Dataset excerpts
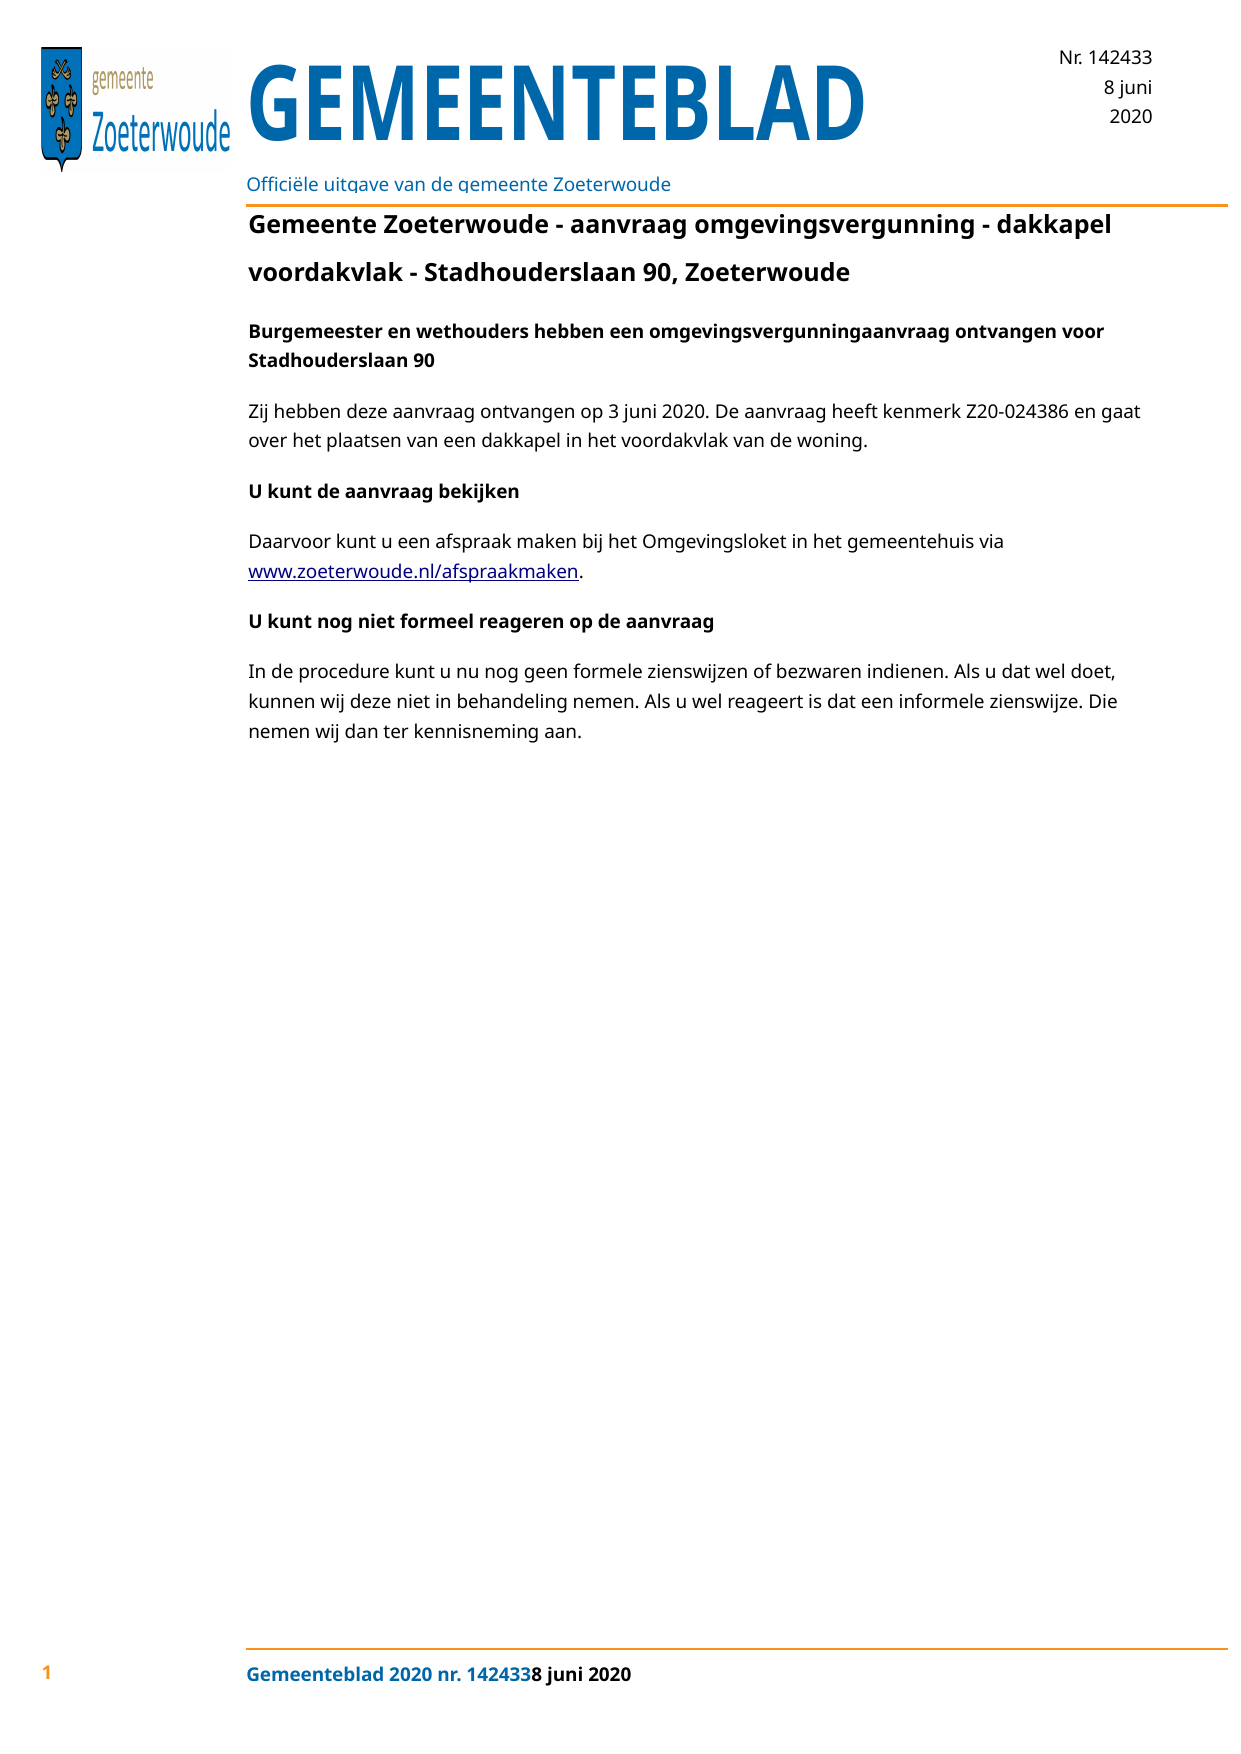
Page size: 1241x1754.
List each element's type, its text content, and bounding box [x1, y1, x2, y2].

text In de procedure kunt u nu nog geen formele zienswijzen of bezwaren indienen. Als u dat wel doet, kunnen wij deze niet in behandeling nemen. Als u wel reageert is dat een informele zienswijze. Die nemen wij dan ter kennisneming aan. [248, 659, 1152, 744]
text Burgemeester en wethouders hebben een omgevingsvergunningaanvraag ontvangen voor Stadhouderslaan 90 [248, 318, 1152, 373]
text U kunt nog niet formeel reageren op de aanvraag [248, 608, 1152, 634]
text U kunt de aanvraag bekijken [248, 478, 1152, 504]
text Daarvoor kunt u een afspraak maken bij het Omgevingsloket in het gemeentehuis via www.zoeterwoude.nl/afspraakmaken. [248, 528, 1152, 584]
text Gemeente Zoeterwoude - aanvraag omgevingsvergunning - dakkapel voordakvlak - Stadhouderslaan 90, Zoeterwoude [248, 207, 1152, 288]
picture [41, 47, 231, 172]
text Zij hebben deze aanvraag ontvangen op 3 juni 2020. De aanvraag heeft kenmerk Z20-024386 en gaat over het plaatsen van een dakkapel in het voordakvlak van de woning. [248, 398, 1152, 453]
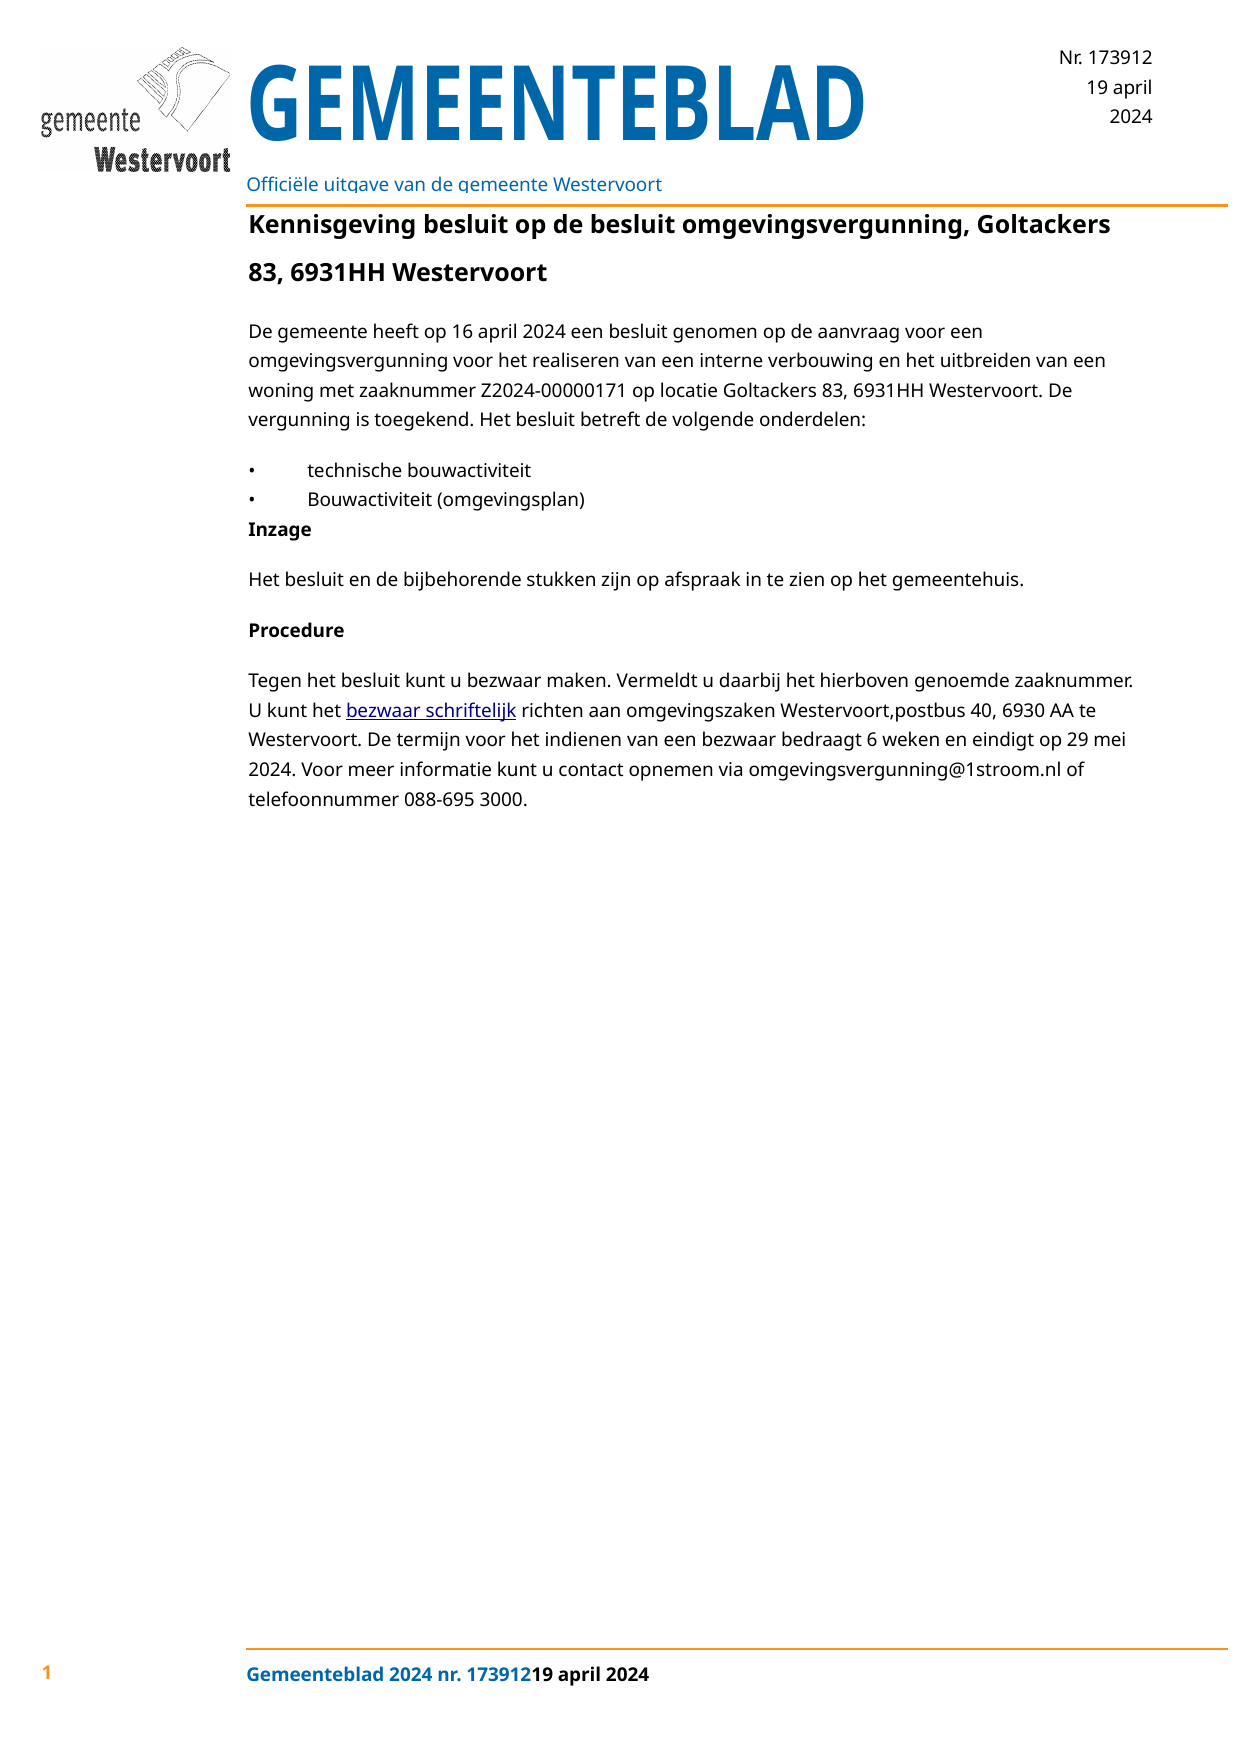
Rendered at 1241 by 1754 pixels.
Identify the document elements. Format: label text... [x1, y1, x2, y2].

text Inzage [248, 516, 1152, 542]
picture [41, 47, 231, 172]
text Kennisgeving besluit op de besluit omgevingsvergunning, Goltackers 83, 6931HH Westervoort [248, 207, 1152, 288]
text Procedure [248, 617, 1152, 643]
list technische bouwactiviteit [248, 457, 1152, 483]
text Tegen het besluit kunt u bezwaar maken. Vermeldt u daarbij het hierboven genoemde zaaknummer. U kunt het bezwaar schriftelijk richten aan omgevingszaken Westervoort,postbus 40, 6930 AA te Westervoort. De termijn voor het indienen van een bezwaar bedraagt 6 weken en eindigt op 29 mei 2024. Voor meer informatie kunt u contact opnemen via omgevingsvergunning@1stroom.nl of telefoonnummer 088-695 3000. [248, 667, 1152, 812]
text Het besluit en de bijbehorende stukken zijn op afspraak in te zien op het gemeentehuis. [248, 567, 1152, 592]
text De gemeente heeft op 16 april 2024 een besluit genomen op de aanvraag voor een omgevingsvergunning voor het realiseren van een interne verbouwing en het uitbreiden van een woning met zaaknummer Z2024-00000171 op locatie Goltackers 83, 6931HH Westervoort. De vergunning is toegekend. Het besluit betreft de volgende onderdelen: [248, 318, 1152, 432]
list Bouwactiviteit (omgevingsplan) [248, 487, 1152, 512]
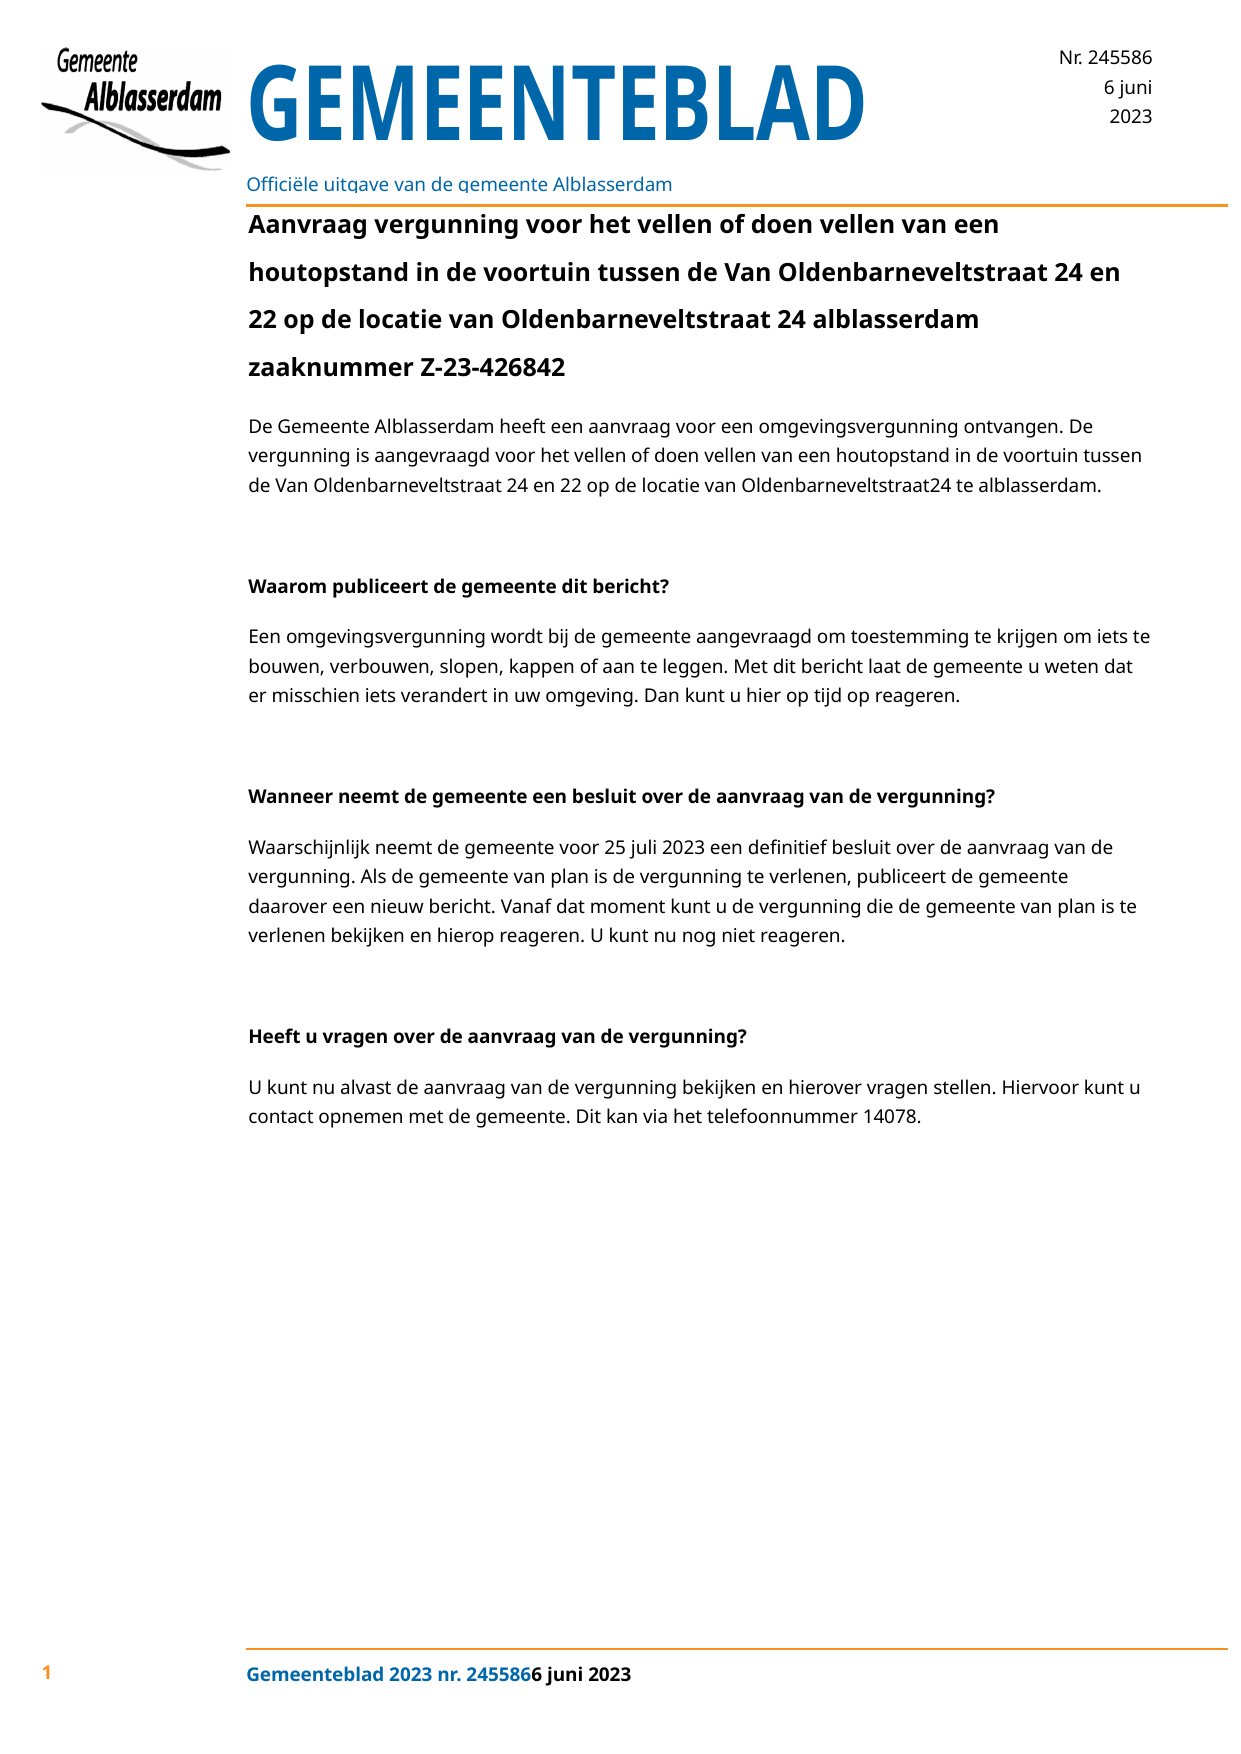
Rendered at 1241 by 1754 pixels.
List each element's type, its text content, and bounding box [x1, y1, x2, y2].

**To do**
Restate each entry verbatim and skip every image.

**Result below**
Page size: 1241x1754.
List each element's type, its text content, and bounding box [x1, y1, x2, y2].

text In de procedure kunt u nu nog geen formele zienswijzen of bezwaren indienen. Als u dat wel doet, kunnen wij deze niet in behandeling nemen. Als u wel reageert is dat een informele zienswijze. Die nemen wij dan ter kennisneming aan. [248, 659, 1152, 744]
text Burgemeester en wethouders hebben een omgevingsvergunningaanvraag ontvangen voor Stadhouderslaan 90 [248, 318, 1152, 373]
text U kunt nog niet formeel reageren op de aanvraag [248, 608, 1152, 634]
text U kunt de aanvraag bekijken [248, 478, 1152, 504]
text Daarvoor kunt u een afspraak maken bij het Omgevingsloket in het gemeentehuis via www.zoeterwoude.nl/afspraakmaken. [248, 528, 1152, 584]
text Gemeente Zoeterwoude - aanvraag omgevingsvergunning - dakkapel voordakvlak - Stadhouderslaan 90, Zoeterwoude [248, 207, 1152, 288]
picture [41, 47, 231, 172]
text Zij hebben deze aanvraag ontvangen op 3 juni 2020. De aanvraag heeft kenmerk Z20-024386 en gaat over het plaatsen van een dakkapel in het voordakvlak van de woning. [248, 398, 1152, 453]
Rendered at 1241 by 1754 pixels.
Identify the document elements. Format: label text... [x1, y1, x2, y2].

text Inzage [248, 516, 1152, 542]
picture [41, 47, 231, 172]
text Kennisgeving besluit op de besluit omgevingsvergunning, Goltackers 83, 6931HH Westervoort [248, 207, 1152, 288]
text Procedure [248, 617, 1152, 643]
list technische bouwactiviteit [248, 457, 1152, 483]
text Tegen het besluit kunt u bezwaar maken. Vermeldt u daarbij het hierboven genoemde zaaknummer. U kunt het bezwaar schriftelijk richten aan omgevingszaken Westervoort,postbus 40, 6930 AA te Westervoort. De termijn voor het indienen van een bezwaar bedraagt 6 weken en eindigt op 29 mei 2024. Voor meer informatie kunt u contact opnemen via omgevingsvergunning@1stroom.nl of telefoonnummer 088-695 3000. [248, 667, 1152, 812]
text Het besluit en de bijbehorende stukken zijn op afspraak in te zien op het gemeentehuis. [248, 567, 1152, 592]
text De gemeente heeft op 16 april 2024 een besluit genomen op de aanvraag voor een omgevingsvergunning voor het realiseren van een interne verbouwing en het uitbreiden van een woning met zaaknummer Z2024-00000171 op locatie Goltackers 83, 6931HH Westervoort. De vergunning is toegekend. Het besluit betreft de volgende onderdelen: [248, 318, 1152, 432]
list Bouwactiviteit (omgevingsplan) [248, 487, 1152, 512]
Rendered at 1241 by 1754 pixels.
List each element's type, its text content, and bounding box [x1, y1, x2, y2].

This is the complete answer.